EOLIA UPV - Small-scale sustainable wind turbine

EOLIA UPV – Universidad Politécnica de Valencia

Eolia UPV is a competition team made up of 20 students from the Polytechnic University of Valencia (UPV) dedicated to the design and manufacture of small-scale wind turbines. The project is part of Generación Espontánea, a UPV platform that supports student-led extracurricular initiatives to promote hands-on learning and teamwork.

1. Description and Background

Founded in 2023, Eolia UPV designs, manufactures and validates small-scale wind turbines and their energy conversion systems to compete in the International Small Wind Turbine Contest (ISWTC), organized by Hanze University of Applied Sciences in the Netherlands.

So far, we’ve achieved second place twice in sustainability and lowest wind speed to start with our vertical axis prototype.

Our team is split into 5 divisions:

• Aerodynamics: the aerodynamics division optimises wind turbine blade design and performance using aerodynamic principles while exploring new solutions to support the project’s continuous development. By testing small-scale blade prototypes in a scaled wind tunnel, the team can evaluate multiple design iterations without significant material waste.
• Power electronics: Its mission focuses on the generator, the core of our prototypes. The team is responsible for selecting the generator and designing and carrying out the necessary tests to model its behaviour, allowing us to determine its optimal operating range.
• Control Electronics: responsible for the design of the energy conversion system and its control architecture, including data acquisition, Maximum Power Point Tracking (MPPT) algorithms, and safety systems. The division validates the circuits through RPM control tests in the scaled wind tunnel and by evaluating the performance of the different stages of the power conversion chain during power electronics testing.
• Mechanics: focused on designing and analyzing the structural integrity of all the turbine’s mechanical components, they ensure that the structure can withstand the load and stress the turbine will experience under various operating conditions through a thorough preliminary testing phase.
• Sustainability: the sustainability division ensures that every technical decision made by the team minimises environmental impact by analysing the feasibility of the materials used and prioritising renewable and environmentally friendly alternatives whenever possible. The team also explores alternative manufacturing processes aimed at optimising material usage and reducing environmental impact.In addition, the division develops Life Cycle Assessment (LCA) reports to support design decisions and accurately quantify the project’s carbon footprint. This allows the team to identify the areas with the greatest environmental impact and investigate more sustainable alternatives.
• Management: They coordinate the project’s public-facing activities and ensure smooth communication between the different departments and university entities. The team manages deadlines, resources, and budgets, while also being responsible for the project’s branding, promotion, and dissemination of its achievements through different communication channels.

2. Project Overview

For the 2026 season, Eolia UPV is focused on improving the energy conversion performance by upgrading the Buck converter to a synchronous topology, increasing the circuit’s reliability through the implementation of a power-up system, enhancing data acquisition by adding temperature and current measurements, and improving manufacturing sustainability by building the wind turbine blades from wood.

3. Competition Mission

In this competition, students must demonstrate their ability to build a wind turbine that maximizes energy production under specific wind conditions, testing critical aspects as energy conversion and aerodynamic efficencies, mechanical intregrity while maintaining a focus on sustainable manufacturing.

4. Why PCBWay

The synchronous Buck converter is a key component of our energy conversion system, responsible for efficiently regulating the power generated by the turbine. Due to its high-frequency switching operation, the converter can generate significant electromagnetic interference (EMI), which may affect sensitive electronics such as the Data Acquisition System (DAQ).

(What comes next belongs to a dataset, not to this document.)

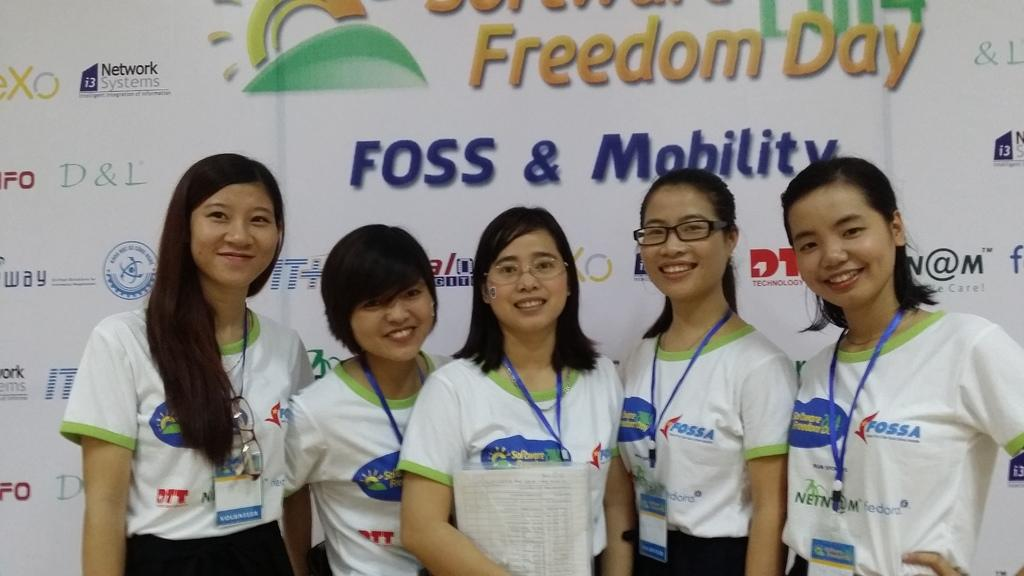Who is present at the bottom of the image? There are women at the bottom of the image. What are the women wearing? The women are wearing badges. What is the facial expression of the women? The women are smiling. What position are the women in? The women are standing. What is one of the women holding? One of the women is holding a document. What can be seen in the background of the image? There is a banner in the background of the image. What type of hair is visible on the vest of the woman in the image? There is no mention of a vest or hair on a vest in the image; the women are wearing badges and holding a document. 
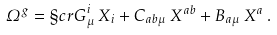<formula> <loc_0><loc_0><loc_500><loc_500>\varOmega ^ { g } = { \S c r G } ^ { i } _ { \mu } \, X _ { i } + C _ { a b \mu } \, X ^ { a b } + B _ { a \mu } \, X ^ { a } \, .</formula> 
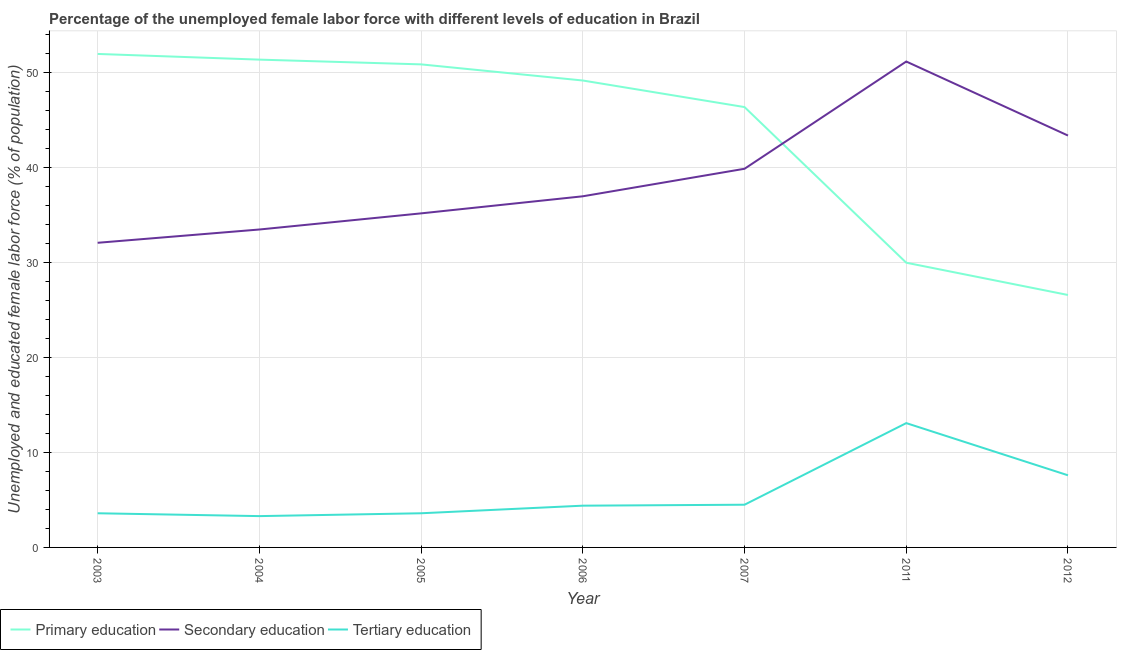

To minimise these effects and ensure reliable operation, the converter requires a carefully designed 4-layer PCB with good layer stack-up control, low-noise routing, and high manufacturing quality. PCBWay’s advanced PCB fabrication capabilities, support for multilayer designs, and reliable manufacturing tolerances make it an ideal partner for developing robust and efficient power electronics systems.

5. Benefits to PCBWay

Through this collaboration, PCBWay will gain valuable exposure and engagement across multiple platforms:

• Brand Visibility: Logo placement on the wind turbine, team apparel, and promotional materials during competitions and events
• Digital Exposure: Features across our social media platforms showcasing design, manufacturing, and implementation of PCBWay-supported components.
• Technical Showcase: Demonstration of PCBWay-manufactured PCBs in a real-world renewable energy application through the development of a high-performance domestic wind turbine system.
• Association with Innovation: Alignment with a student-led engineering team from a reputed institution, actively participating in national competitions.